Records from a data collection >>
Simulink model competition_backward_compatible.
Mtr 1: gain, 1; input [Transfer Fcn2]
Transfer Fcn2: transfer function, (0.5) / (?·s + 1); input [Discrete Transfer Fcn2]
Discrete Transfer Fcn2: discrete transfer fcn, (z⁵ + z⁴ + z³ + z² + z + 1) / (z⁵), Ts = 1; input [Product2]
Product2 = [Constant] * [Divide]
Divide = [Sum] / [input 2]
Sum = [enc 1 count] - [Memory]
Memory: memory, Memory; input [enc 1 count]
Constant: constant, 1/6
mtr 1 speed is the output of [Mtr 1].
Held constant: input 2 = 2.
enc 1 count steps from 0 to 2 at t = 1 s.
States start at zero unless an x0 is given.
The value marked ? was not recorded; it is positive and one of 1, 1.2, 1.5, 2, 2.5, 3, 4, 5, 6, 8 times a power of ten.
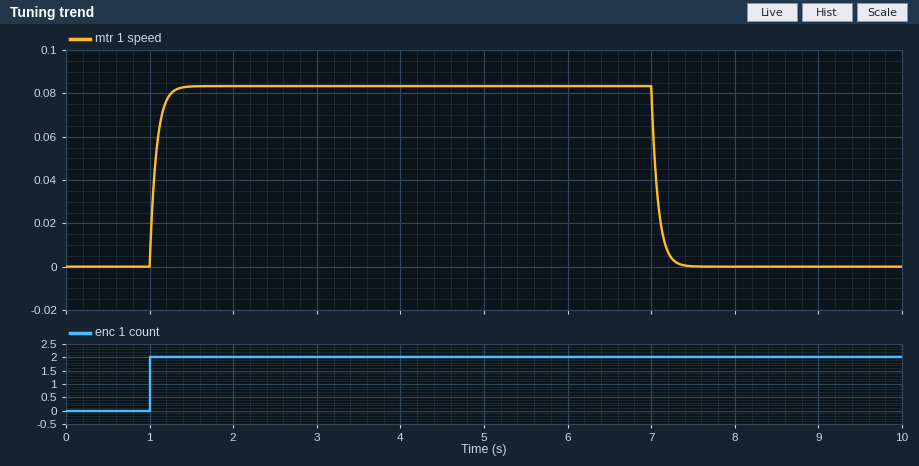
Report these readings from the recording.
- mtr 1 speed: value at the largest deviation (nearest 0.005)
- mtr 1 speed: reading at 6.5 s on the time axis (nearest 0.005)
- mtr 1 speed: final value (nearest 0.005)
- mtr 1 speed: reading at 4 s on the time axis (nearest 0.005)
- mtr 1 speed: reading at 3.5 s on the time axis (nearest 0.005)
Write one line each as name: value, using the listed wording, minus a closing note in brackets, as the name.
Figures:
mtr 1 speed: value at the largest deviation: 0.085
mtr 1 speed: reading at 6.5 s on the time axis: 0.085
mtr 1 speed: final value: 0.000
mtr 1 speed: reading at 4 s on the time axis: 0.085
mtr 1 speed: reading at 3.5 s on the time axis: 0.085
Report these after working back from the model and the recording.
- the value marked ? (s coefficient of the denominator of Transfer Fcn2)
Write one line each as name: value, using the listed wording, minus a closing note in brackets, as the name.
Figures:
the value marked ?: 0.08
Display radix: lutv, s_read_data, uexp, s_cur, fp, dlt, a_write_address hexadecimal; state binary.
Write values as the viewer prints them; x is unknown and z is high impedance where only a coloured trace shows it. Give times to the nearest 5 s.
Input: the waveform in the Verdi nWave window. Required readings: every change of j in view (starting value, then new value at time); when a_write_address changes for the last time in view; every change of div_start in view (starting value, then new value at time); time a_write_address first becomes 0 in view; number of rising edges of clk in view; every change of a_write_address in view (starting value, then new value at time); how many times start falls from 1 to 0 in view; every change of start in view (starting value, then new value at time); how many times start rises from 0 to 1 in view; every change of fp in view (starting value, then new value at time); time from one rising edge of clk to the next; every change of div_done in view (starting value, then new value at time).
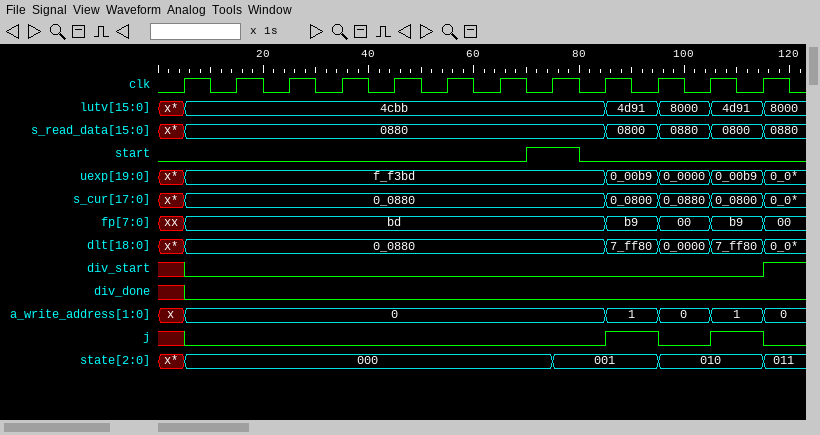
x, 0 at 5 s, 1 at 85 s, 0 at 95 s, 1 at 105 s, 0 at 115 s
115 s
x, 0 at 5 s, 1 at 115 s
5 s
12
x, 0 at 5 s, 1 at 85 s, 0 at 95 s, 1 at 105 s, 0 at 115 s
1
0, 1 at 70 s, 0 at 80 s
1
xx, bd at 5 s, b9 at 85 s, 00 at 95 s, b9 at 105 s, 00 at 115 s
10 s
x, 0 at 5 s
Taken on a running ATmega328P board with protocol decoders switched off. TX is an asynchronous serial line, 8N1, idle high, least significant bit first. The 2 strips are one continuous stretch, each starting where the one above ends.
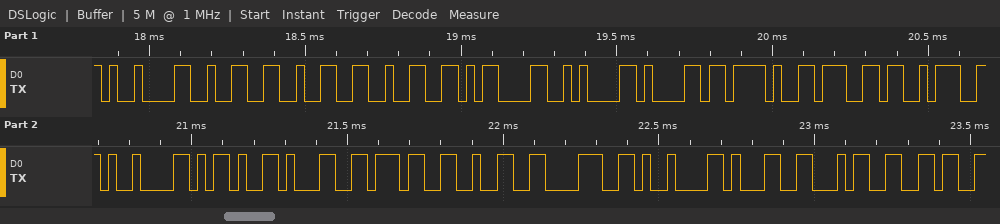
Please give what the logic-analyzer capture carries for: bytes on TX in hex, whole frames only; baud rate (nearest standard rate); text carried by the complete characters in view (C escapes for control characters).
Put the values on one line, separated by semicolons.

09 32 32 32 0D 0A 61 2F 67 3A 09 2D 31 37 32 38 09 31 34 36; 38400 baud; "\t222\r\na/g:\t-1728\t146"

TASK PROMPT >> Output, line for line and exactly, the records above from their first line through the one with "Report these readings from the recording.", both ends included, but no pictures.

ANSWER SPACE >>
Simulink model competition_backward_compatible.
Mtr 1: gain, 1; input [Transfer Fcn2]
Transfer Fcn2: transfer function, (0.5) / (?·s + 1); input [Discrete Transfer Fcn2]
Discrete Transfer Fcn2: discrete transfer fcn, (z⁵ + z⁴ + z³ + z² + z + 1) / (z⁵), Ts = 1; input [Product2]
Product2 = [Constant] * [Divide]
Divide = [Sum] / [input 2]
Sum = [enc 1 count] - [Memory]
Memory: memory, Memory; input [enc 1 count]
Constant: constant, 1/6
mtr 1 speed is the output of [Mtr 1].
Held constant: input 2 = 2.
enc 1 count steps from 0 to 2 at t = 1 s.
States start at zero unless an x0 is given.
The value marked ? was not recorded; it is positive and one of 1, 1.2, 1.5, 2, 2.5, 3, 4, 5, 6, 8 times a power of ten.
Report these readings from the recording.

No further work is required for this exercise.